To put this upfront: this issue affects JavaScriptCore on iOS 8.0 and Mac OS X 10.10. The functionality in question works on iOS 2-7 and OS X 10.5-9. I was told by an Apple engineer at WWDC to file a bug here and start the summary with "REGRESSION". I attempted to replicate this issue in a browser, and it seems my attempt "fails" on older versions (iOS 6/7, OS X 10.8/9), but I could see many (maybe silly/wrong) reasons why this might be different.

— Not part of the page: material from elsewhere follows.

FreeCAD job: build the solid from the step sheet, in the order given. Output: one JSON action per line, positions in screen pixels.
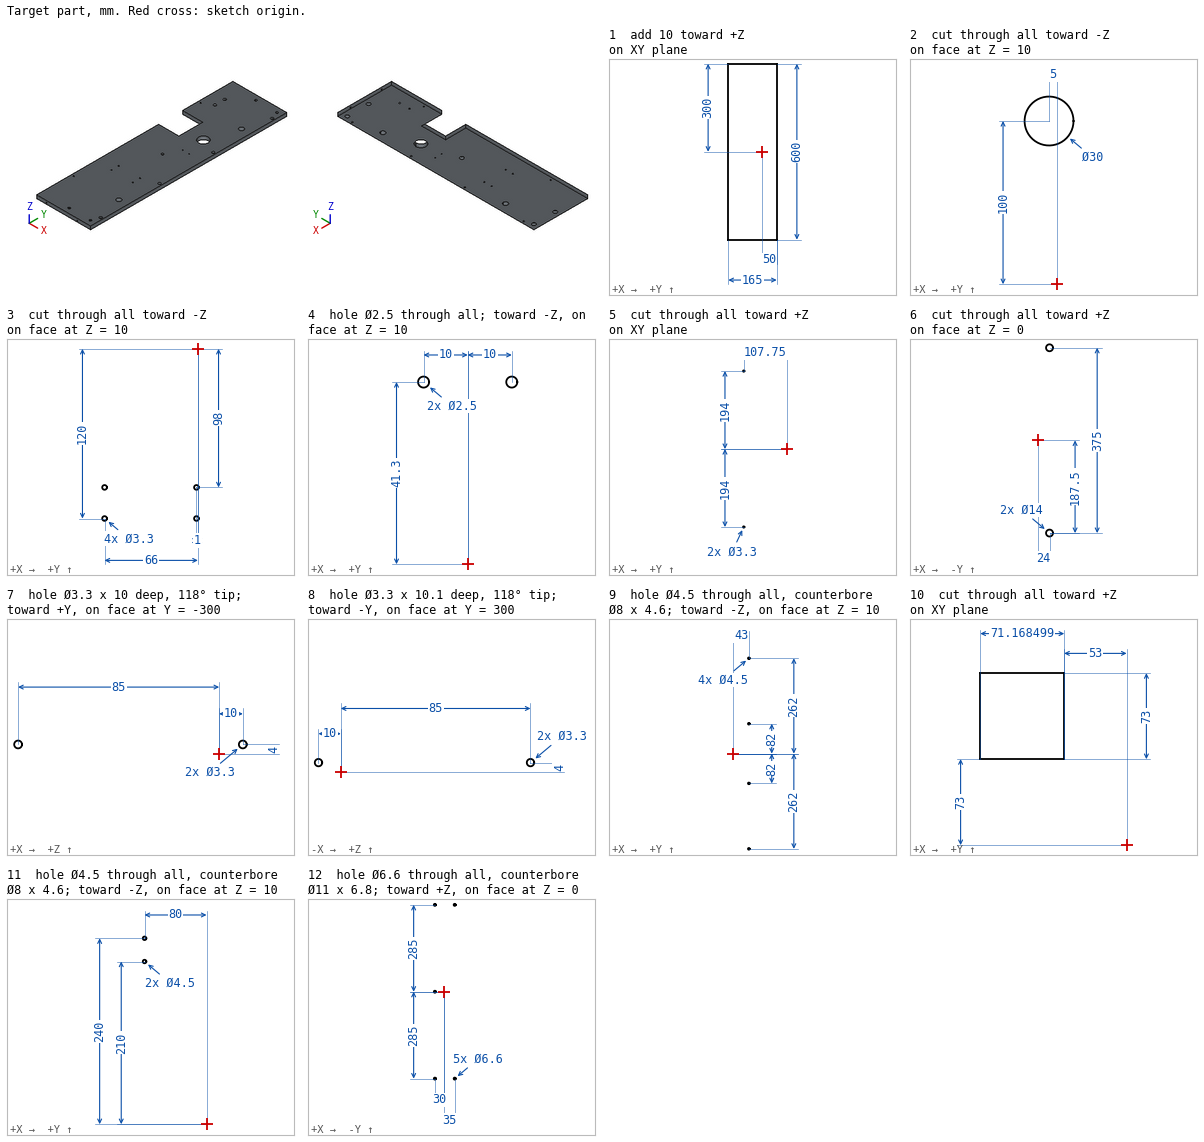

So, here's an example interaction (using a JavaScript REPL that runs everything through JavaScriptCore). I am going to assign the prototype of the global object and then walk to a variable. My REPL prints objects using JSObjectCopyPropertyNames, but I have also provided code using a for/in loop to get the same data into an array (note the REPL shows the array as an object). Note that I am using the global object: the scenario works for other objects.

I have filed two separate bugs because I was asked to do so by Oliver. This bug is in relation to iterating the properties inherited by prototype (here shown using a for/in loop).

Here is the working behavior from the old version of JavaScriptCore:

cy# a = {}; this.__proto__ = a; a.f = 5; this
{a:{f:5},f:5}
cy# this.f
5
cy# c = []; for (x in this) c.push(x); c
{0:"a",1:"c",2:"f"}

Here is the broken behavior from the new version of JavaScriptCore:

cy# a = {}; this.__proto__ = a; a.f = 5; this
{a:{f:5}}
cy# this.f
5
cy# c = []; for (x in this) c.push(x); c
{0:"a",1:"c"}

FWIW, if there is some different way of doing this, if this was never supposed to have worked, etc. I would be more than happy to be told "do something different". I don't see myself why this shouldn't work, however, and I've been doing this without issue now on JavaScriptCore for over five years.